秦沫儿是皇妃,享受着无上荣耀的皇妃,若说就是再受宠,她都是妾,可因为宇文拓,她就是见了皇后也不用行礼问安,更加不需要特地去见她。
此番,一是谢谢这个女人给顾念念的嫁妆,这些嫁妆,秦沫儿粗粗地看了一眼,没错,都是珍品,都是稀罕物,作为亲娘,秦沫儿给多稀罕都是正常的,但是慕容皇后也能如此慷慨,不管出于什么目的,她这个正牌的母亲都要去说一声谢谢。
二,是她想会会慕容皇后,大病一场之后都没有见过慕容皇后,该去“请安”了,顺道的提醒她不用妄作好人,就是她再给一百零八抬嫁妆,她也不会原谅她。
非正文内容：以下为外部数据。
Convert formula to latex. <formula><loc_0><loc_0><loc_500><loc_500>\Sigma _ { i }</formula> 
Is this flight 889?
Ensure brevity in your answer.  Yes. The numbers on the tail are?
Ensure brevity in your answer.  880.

退一万步来说,她不是当年的主谋,也是帮凶,秦沫儿是不会原谅慕容皇后的,怪就怪她姓慕容。
三,自然是去气气她的,气死她最好了。
“娘娘,今儿怎么不多睡一会儿,皇上早朝前特地吩咐的,不许吵醒娘娘,让娘娘多休息呢,我们这眼巴巴地赶去慕容皇后的寝宫做什么,慕容皇后不需要我们请安啊。”
“好了,别气呼呼的了,是我要去会会慕容皇后,没事的。”
秦沫儿揉着酸痛的细腰,脸上的妩媚想藏都藏不住。
“可是,娘娘你,不累吗?”
大宫女越是越小声,实在心疼秦沫儿的身体,这昨晚的动静实在太大了,他们这些伺候的人都听了面红耳赤的,可想而知秦沫儿受大罪了。
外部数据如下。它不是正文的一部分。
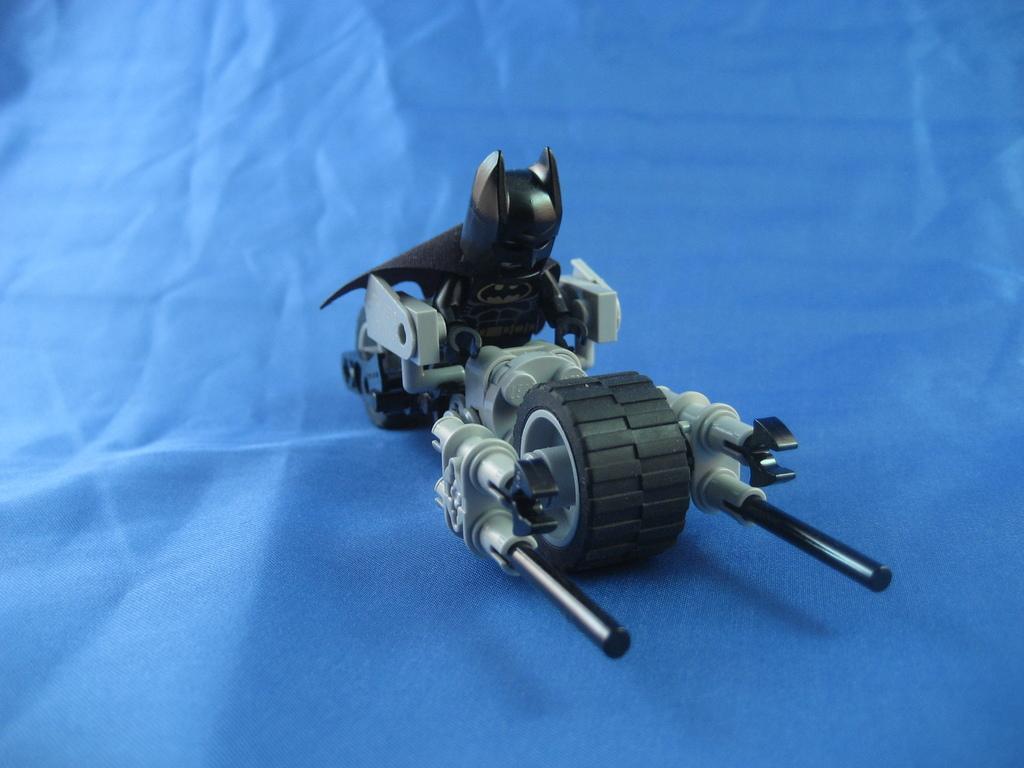Can you describe this image briefly? In this picture I can see a Lego toy of batman and I see the blue color thing. 
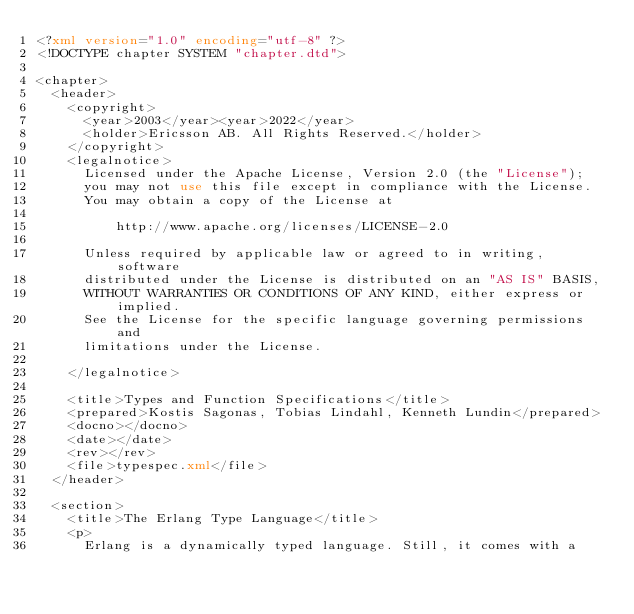<code> <loc_0><loc_0><loc_500><loc_500><_XML_><?xml version="1.0" encoding="utf-8" ?>
<!DOCTYPE chapter SYSTEM "chapter.dtd">

<chapter>
  <header>
    <copyright>
      <year>2003</year><year>2022</year>
      <holder>Ericsson AB. All Rights Reserved.</holder>
    </copyright>
    <legalnotice>
      Licensed under the Apache License, Version 2.0 (the "License");
      you may not use this file except in compliance with the License.
      You may obtain a copy of the License at

          http://www.apache.org/licenses/LICENSE-2.0

      Unless required by applicable law or agreed to in writing, software
      distributed under the License is distributed on an "AS IS" BASIS,
      WITHOUT WARRANTIES OR CONDITIONS OF ANY KIND, either express or implied.
      See the License for the specific language governing permissions and
      limitations under the License.

    </legalnotice>

    <title>Types and Function Specifications</title>
    <prepared>Kostis Sagonas, Tobias Lindahl, Kenneth Lundin</prepared>
    <docno></docno>
    <date></date>
    <rev></rev>
    <file>typespec.xml</file>
  </header>

  <section>
    <title>The Erlang Type Language</title>
    <p>
      Erlang is a dynamically typed language. Still, it comes with a</code> 
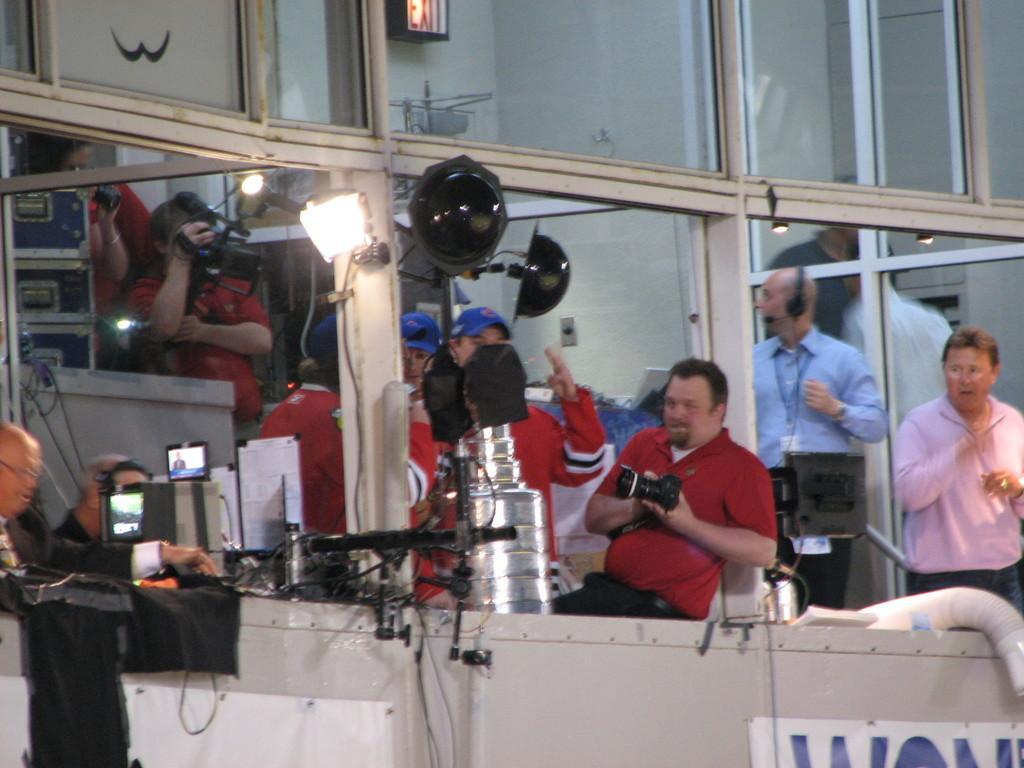Could you give a brief overview of what you see in this image? This picture shows the inner view of a room and there is one exit board, two T. V's, two paper boards, two banners. There are so many lights, some people are standing and holding some objects. So many objects are on the surface. Glass window is there, two persons are sitting near to the table, so many objects are on the table. 
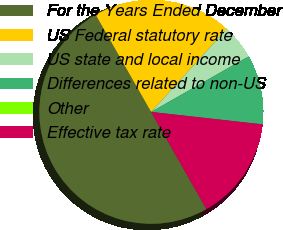<chart> <loc_0><loc_0><loc_500><loc_500><pie_chart><fcel>For the Years Ended December<fcel>US Federal statutory rate<fcel>US state and local income<fcel>Differences related to non-US<fcel>Other<fcel>Effective tax rate<nl><fcel>49.98%<fcel>20.0%<fcel>5.01%<fcel>10.0%<fcel>0.01%<fcel>15.0%<nl></chart> 
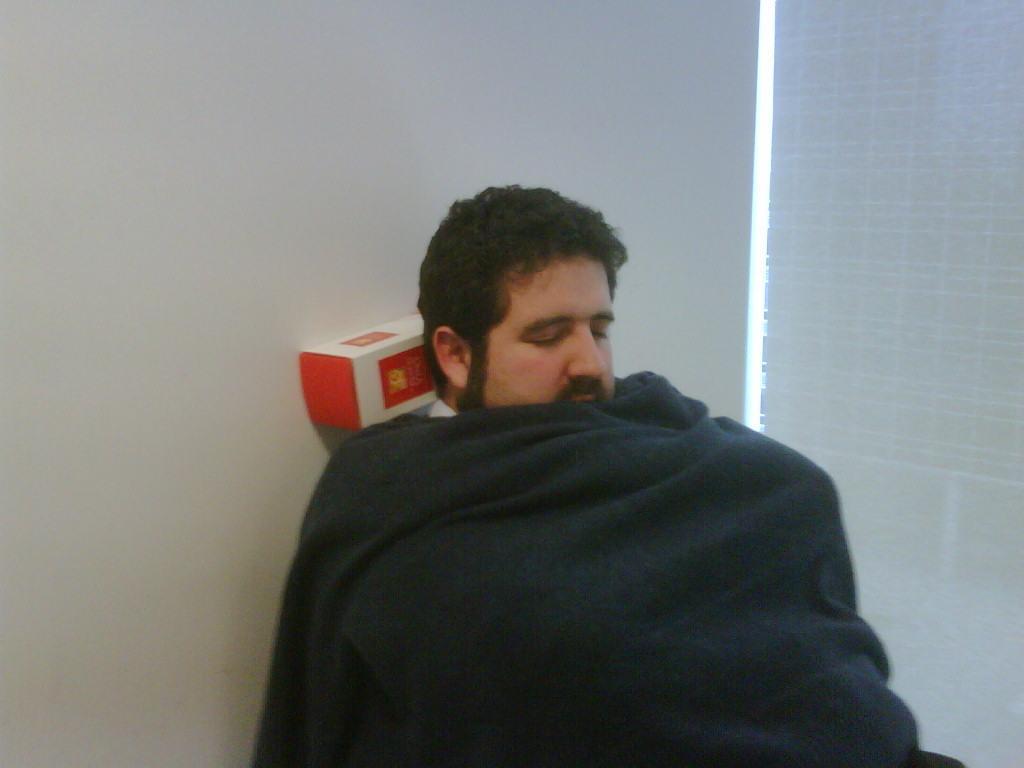Describe this image in one or two sentences. In this image there is one person who is sleeping, and there is a blanket and some box and in the background there is wall window and blinds. 
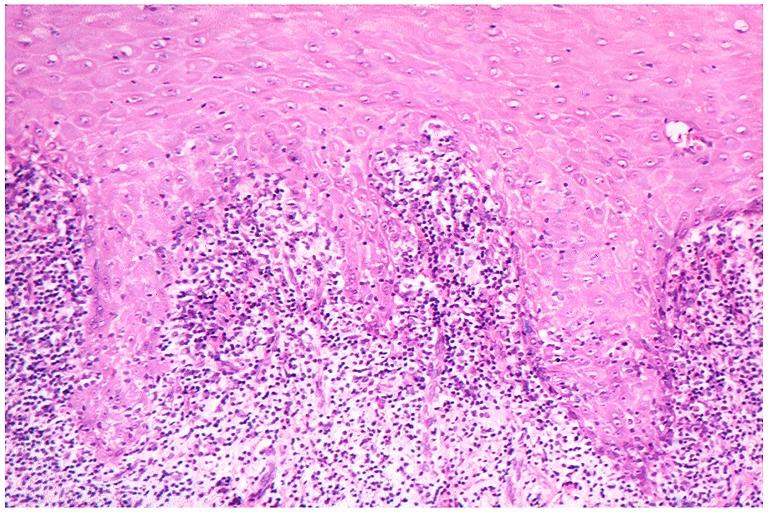what does this image show?
Answer the question using a single word or phrase. Lichen planus

昨晚秦沫儿特地吩咐了给宇文拓准备的膳食,不用刻意的,几乎是马上,宇文拓就赶了过来。
起初秦沫儿不加理会,宇文拓就死缠烂打,对秦沫儿甜言蜜语攻势,又是嘘寒问暖,又是夹菜添酒,那叫一个狗腿,那叫一个巴结。
一顿饭的时间,秦沫儿总是阴沉着脸,对宇文拓的关心不予理会,这可把宇文拓着急坏了,刚撤下饭菜,宇文拓一把抱起了挣扎的秦沫儿去了软床,一场绮丽的爱情游戏开始了,直到秦沫儿求饶为止。
坐在轿子上的秦沫儿一想起昨晚宇文拓的荒唐,脸上就臊得慌,都十几年的夫妻了,老夫老妻的了,怎么都不知道稳重一些,尽把她折腾的说不出来一句话。
轿子很快到了慕容皇后的寝宫,秦沫儿揉了好一会儿的腰,这才感觉到好受些,由大宫女扶着下了轿子。
即将面对慕容皇后的秦沫儿,不再是温柔贤惠的妻子,不再是纯粹有慈母之心的母亲,而是一个宠妃的傲娇样儿,现在的她是真正的秦皇妃,一个斗志昂扬的秦皇妃。
秦沫儿的到来,让守门的侍卫立马去禀报了皇后,秦沫儿不等通传,扶着大宫女的手直接进了殿门。
没有人拦,因为他们都不敢,这可是秦皇妃,皇上的独宠,太子爷的娘亲,未来君王爷的丈母娘,若是以前皇后娘娘跟秦皇妃斗还有几分胜算,那么现在是完完全全的斗不过,没见到皇后娘娘都陪嫁了那么多了嘛。
“娘娘,这是。”
大宫女跟秦沫儿一样许久,久到可以用“年”来计算他们进慕容皇后寝宫的时间了,她还以为慕容皇后的侍卫有多嚣张跋扈呢,跟外面的慕容风一样的目中无人,没想到都被他们家娘娘的威严给吓得不敢尽职了。
“嘘,我们走。”
秦沫儿同样没有想到慕容皇后的守卫如此松懈,莫不是知道她要来?秦沫儿收起轻松的表情,换上严阵以待的心情。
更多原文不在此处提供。